======== Input material ========
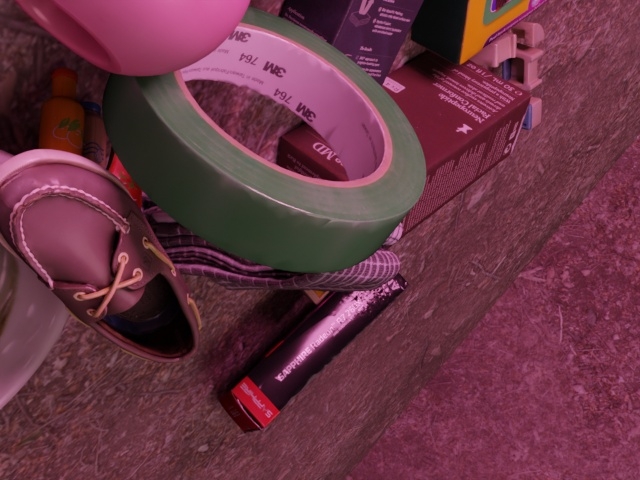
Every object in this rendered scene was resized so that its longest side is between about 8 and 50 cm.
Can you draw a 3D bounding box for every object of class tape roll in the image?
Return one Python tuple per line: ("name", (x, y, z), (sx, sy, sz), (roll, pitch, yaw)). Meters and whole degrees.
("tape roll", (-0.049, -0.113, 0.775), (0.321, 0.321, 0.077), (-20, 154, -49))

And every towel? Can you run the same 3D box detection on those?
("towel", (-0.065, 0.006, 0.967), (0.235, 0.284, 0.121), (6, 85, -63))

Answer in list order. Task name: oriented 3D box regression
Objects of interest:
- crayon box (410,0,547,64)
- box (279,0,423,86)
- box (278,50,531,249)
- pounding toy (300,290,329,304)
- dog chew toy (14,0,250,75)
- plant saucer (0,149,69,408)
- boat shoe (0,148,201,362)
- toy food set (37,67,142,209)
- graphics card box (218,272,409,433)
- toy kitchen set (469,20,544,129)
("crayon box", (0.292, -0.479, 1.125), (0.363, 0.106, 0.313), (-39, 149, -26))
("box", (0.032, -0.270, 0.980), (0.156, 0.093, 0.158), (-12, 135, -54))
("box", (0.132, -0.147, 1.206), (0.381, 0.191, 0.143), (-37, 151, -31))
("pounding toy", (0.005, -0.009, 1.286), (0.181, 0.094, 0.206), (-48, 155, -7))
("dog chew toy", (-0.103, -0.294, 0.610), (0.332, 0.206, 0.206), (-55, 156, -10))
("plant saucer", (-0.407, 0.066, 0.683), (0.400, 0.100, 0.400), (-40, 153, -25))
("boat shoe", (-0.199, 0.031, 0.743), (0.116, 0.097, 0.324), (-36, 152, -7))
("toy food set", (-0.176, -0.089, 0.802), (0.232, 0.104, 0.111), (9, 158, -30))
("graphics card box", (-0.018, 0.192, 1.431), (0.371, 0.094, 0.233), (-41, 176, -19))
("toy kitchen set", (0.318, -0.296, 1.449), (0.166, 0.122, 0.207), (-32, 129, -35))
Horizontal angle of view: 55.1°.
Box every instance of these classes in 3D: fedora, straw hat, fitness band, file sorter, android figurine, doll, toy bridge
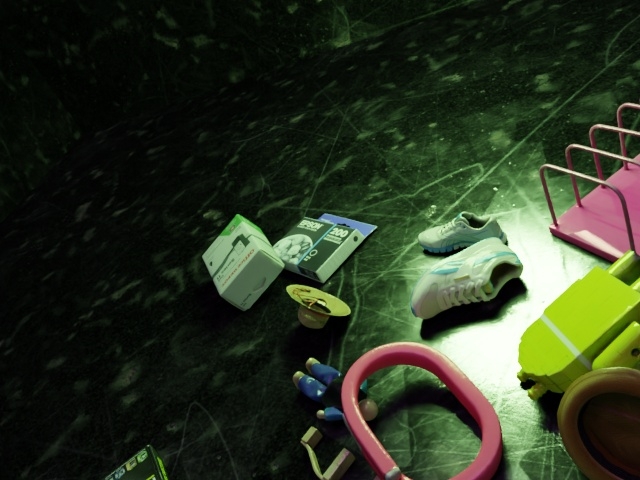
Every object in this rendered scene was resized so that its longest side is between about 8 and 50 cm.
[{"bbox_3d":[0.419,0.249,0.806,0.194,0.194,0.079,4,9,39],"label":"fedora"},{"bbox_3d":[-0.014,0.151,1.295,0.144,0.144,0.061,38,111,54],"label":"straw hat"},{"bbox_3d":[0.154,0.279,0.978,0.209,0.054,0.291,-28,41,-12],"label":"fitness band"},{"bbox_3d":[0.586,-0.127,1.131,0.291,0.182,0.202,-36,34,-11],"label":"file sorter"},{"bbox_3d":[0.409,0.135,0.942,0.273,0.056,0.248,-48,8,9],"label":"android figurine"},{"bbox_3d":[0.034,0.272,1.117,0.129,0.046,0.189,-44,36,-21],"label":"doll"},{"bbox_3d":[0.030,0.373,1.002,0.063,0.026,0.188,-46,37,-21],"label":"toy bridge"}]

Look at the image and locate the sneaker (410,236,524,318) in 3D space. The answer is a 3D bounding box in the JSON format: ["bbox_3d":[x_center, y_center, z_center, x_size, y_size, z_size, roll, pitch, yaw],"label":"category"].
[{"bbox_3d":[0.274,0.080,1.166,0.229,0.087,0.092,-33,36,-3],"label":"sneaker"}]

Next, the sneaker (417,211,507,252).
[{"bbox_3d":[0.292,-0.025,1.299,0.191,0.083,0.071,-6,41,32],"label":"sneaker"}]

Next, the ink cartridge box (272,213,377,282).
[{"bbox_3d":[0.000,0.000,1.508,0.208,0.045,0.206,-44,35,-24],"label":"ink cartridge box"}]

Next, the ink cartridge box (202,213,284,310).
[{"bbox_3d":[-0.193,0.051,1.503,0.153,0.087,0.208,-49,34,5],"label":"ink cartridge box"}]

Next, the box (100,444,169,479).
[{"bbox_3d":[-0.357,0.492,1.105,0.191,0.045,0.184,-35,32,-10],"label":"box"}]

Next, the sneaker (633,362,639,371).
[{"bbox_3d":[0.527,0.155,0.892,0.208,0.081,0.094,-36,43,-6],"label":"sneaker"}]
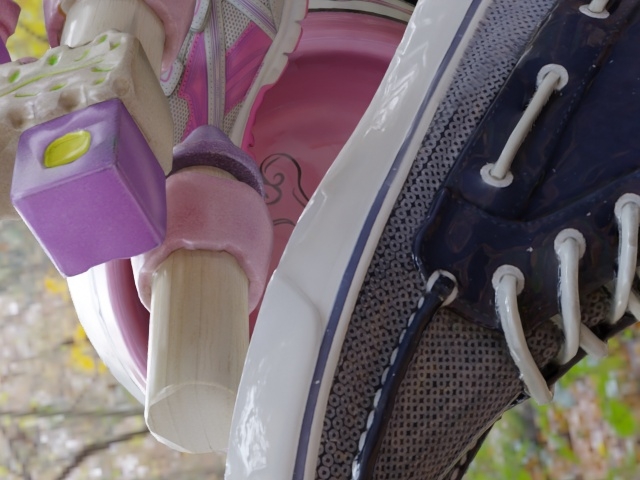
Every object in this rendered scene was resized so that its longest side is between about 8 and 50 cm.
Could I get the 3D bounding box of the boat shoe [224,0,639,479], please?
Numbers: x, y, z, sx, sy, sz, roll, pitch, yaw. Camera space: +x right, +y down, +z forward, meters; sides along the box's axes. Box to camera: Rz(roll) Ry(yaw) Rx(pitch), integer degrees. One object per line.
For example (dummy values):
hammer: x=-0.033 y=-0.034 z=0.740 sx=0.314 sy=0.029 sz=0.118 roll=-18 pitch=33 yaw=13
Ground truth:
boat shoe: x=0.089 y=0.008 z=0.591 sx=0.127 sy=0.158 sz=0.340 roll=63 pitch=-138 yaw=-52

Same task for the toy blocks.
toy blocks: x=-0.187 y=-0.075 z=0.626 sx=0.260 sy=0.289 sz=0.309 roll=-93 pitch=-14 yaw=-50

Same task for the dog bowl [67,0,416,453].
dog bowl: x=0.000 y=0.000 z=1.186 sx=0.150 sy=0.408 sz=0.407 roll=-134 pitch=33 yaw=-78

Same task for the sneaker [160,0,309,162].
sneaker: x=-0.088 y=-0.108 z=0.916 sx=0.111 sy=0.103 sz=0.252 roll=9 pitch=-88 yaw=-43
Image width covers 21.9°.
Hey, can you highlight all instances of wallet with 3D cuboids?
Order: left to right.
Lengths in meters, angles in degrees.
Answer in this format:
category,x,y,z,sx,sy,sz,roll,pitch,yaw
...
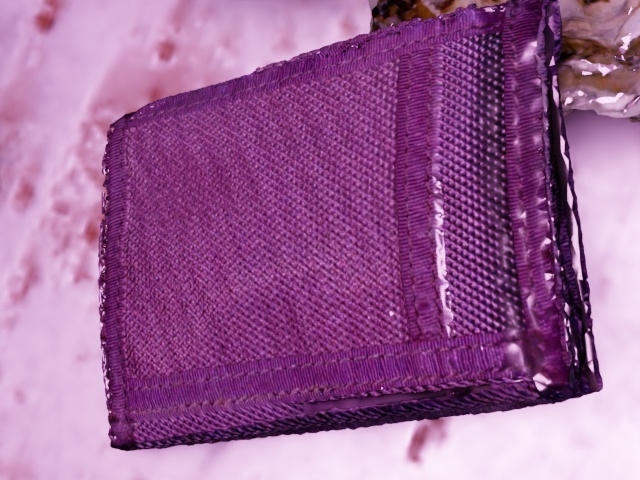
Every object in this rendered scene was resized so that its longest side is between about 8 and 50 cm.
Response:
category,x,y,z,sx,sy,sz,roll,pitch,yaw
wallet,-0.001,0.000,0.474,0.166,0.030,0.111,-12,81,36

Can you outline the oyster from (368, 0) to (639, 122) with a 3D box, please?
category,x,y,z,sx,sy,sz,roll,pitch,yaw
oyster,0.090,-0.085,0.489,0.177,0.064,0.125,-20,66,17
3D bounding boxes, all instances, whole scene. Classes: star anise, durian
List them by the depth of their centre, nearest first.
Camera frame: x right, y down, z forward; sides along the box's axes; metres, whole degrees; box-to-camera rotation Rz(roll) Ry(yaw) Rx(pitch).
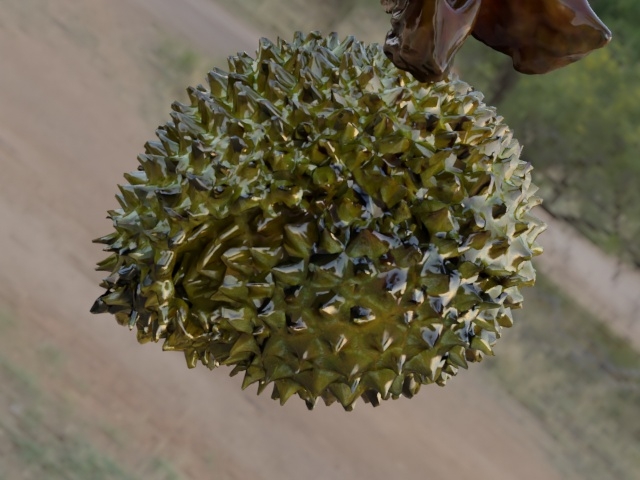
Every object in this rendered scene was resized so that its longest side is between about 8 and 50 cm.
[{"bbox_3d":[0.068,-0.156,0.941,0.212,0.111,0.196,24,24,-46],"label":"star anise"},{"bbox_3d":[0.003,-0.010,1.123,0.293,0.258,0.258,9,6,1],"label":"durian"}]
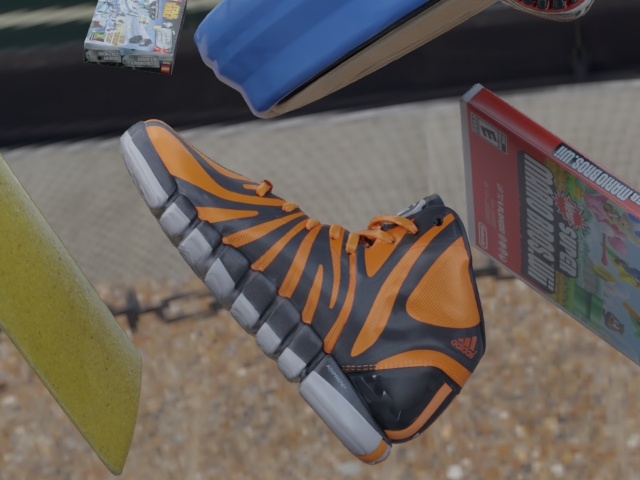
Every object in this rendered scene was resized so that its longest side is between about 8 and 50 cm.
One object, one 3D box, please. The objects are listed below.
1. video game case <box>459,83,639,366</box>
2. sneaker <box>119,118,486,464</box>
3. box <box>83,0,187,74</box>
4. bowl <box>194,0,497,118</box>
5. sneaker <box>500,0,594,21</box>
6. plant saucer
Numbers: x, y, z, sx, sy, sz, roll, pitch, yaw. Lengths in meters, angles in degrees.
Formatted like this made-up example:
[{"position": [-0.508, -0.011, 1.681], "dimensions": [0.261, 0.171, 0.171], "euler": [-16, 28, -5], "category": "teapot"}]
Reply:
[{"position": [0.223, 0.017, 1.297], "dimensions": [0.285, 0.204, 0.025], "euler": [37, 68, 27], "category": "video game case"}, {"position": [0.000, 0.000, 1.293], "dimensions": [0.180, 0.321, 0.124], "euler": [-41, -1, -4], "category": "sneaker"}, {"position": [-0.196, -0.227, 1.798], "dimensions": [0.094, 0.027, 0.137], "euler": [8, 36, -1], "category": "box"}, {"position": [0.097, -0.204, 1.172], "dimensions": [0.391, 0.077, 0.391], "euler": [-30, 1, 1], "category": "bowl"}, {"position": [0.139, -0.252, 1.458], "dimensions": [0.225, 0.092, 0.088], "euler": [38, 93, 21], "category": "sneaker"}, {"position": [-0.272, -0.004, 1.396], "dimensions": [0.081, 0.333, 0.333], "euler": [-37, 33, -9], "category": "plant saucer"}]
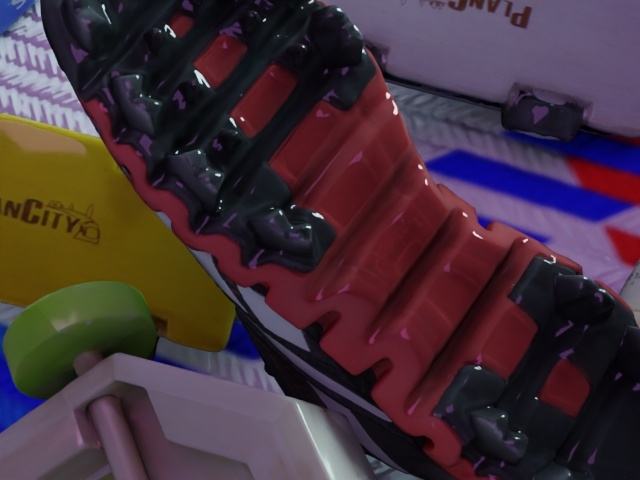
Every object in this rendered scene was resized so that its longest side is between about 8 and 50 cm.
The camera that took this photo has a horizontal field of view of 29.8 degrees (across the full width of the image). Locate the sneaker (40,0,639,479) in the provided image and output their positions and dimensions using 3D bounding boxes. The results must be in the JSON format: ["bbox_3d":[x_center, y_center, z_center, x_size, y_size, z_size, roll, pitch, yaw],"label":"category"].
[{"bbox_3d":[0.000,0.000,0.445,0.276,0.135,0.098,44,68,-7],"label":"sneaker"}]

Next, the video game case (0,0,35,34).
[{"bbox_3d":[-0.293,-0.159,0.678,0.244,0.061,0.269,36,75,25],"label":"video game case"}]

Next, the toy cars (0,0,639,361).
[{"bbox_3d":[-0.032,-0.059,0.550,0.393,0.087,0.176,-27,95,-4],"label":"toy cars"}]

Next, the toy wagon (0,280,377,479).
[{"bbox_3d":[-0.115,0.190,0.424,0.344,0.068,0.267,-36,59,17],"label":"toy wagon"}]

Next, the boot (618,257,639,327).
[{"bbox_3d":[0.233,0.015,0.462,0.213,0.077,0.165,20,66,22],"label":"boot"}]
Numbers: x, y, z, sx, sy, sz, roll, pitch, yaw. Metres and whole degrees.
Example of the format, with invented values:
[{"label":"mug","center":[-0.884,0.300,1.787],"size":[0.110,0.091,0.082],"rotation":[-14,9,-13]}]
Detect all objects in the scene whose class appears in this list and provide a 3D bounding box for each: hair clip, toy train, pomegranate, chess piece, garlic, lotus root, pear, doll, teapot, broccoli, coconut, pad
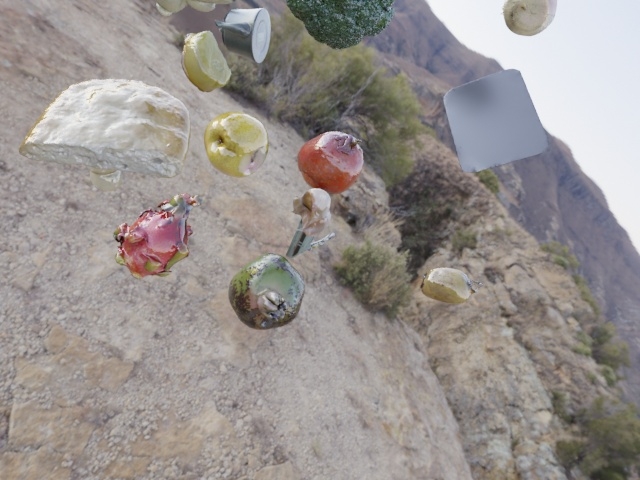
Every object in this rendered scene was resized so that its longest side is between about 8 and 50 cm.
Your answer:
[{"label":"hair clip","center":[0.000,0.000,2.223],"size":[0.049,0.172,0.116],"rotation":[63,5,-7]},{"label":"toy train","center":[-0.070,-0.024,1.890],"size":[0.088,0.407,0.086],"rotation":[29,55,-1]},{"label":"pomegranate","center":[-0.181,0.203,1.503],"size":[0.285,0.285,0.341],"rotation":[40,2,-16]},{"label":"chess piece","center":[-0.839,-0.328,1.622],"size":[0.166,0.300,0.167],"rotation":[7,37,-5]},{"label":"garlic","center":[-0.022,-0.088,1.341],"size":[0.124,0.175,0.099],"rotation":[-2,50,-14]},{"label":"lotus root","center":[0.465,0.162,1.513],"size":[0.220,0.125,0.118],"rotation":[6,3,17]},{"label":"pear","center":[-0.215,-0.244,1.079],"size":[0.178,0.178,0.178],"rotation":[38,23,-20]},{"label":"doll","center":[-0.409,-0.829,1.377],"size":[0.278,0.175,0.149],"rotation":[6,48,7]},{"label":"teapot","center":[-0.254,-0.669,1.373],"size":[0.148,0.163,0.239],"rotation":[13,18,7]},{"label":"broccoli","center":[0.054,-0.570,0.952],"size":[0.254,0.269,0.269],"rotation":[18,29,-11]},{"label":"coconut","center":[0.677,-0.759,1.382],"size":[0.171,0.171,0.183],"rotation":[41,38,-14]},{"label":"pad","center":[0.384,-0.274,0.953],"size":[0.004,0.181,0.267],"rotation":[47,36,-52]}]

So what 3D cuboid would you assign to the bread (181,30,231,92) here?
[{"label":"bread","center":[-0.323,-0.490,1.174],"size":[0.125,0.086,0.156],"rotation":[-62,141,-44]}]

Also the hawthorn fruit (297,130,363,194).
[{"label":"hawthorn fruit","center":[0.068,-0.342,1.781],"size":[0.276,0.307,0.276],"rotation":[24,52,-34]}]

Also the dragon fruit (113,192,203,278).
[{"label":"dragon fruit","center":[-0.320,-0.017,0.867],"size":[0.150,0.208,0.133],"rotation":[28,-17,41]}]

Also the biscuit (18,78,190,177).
========
__What you need to do__.
Repeat the data verbatim through the "- graphics card box (218,272,409,433)" line, no pictures.

__Result__.
Every object in this rendered scene was resized so that its longest side is between about 8 and 50 cm.
Can you draw a 3D bounding box for every object of class tape roll in the image?
Return one Python tuple per line: ("name", (x, y, z), (sx, sy, sz), (roll, pitch, yaw)). Meters and whole degrees.
("tape roll", (-0.049, -0.113, 0.775), (0.321, 0.321, 0.077), (-20, 154, -49))

And every towel? Can you run the same 3D box detection on those?
("towel", (-0.065, 0.006, 0.967), (0.235, 0.284, 0.121), (6, 85, -63))

Answer in list order. Task name: oriented 3D box regression
Objects of interest:
- crayon box (410,0,547,64)
- box (279,0,423,86)
- box (278,50,531,249)
- pounding toy (300,290,329,304)
- dog chew toy (14,0,250,75)
- plant saucer (0,149,69,408)
- boat shoe (0,148,201,362)
- toy food set (37,67,142,209)
- graphics card box (218,272,409,433)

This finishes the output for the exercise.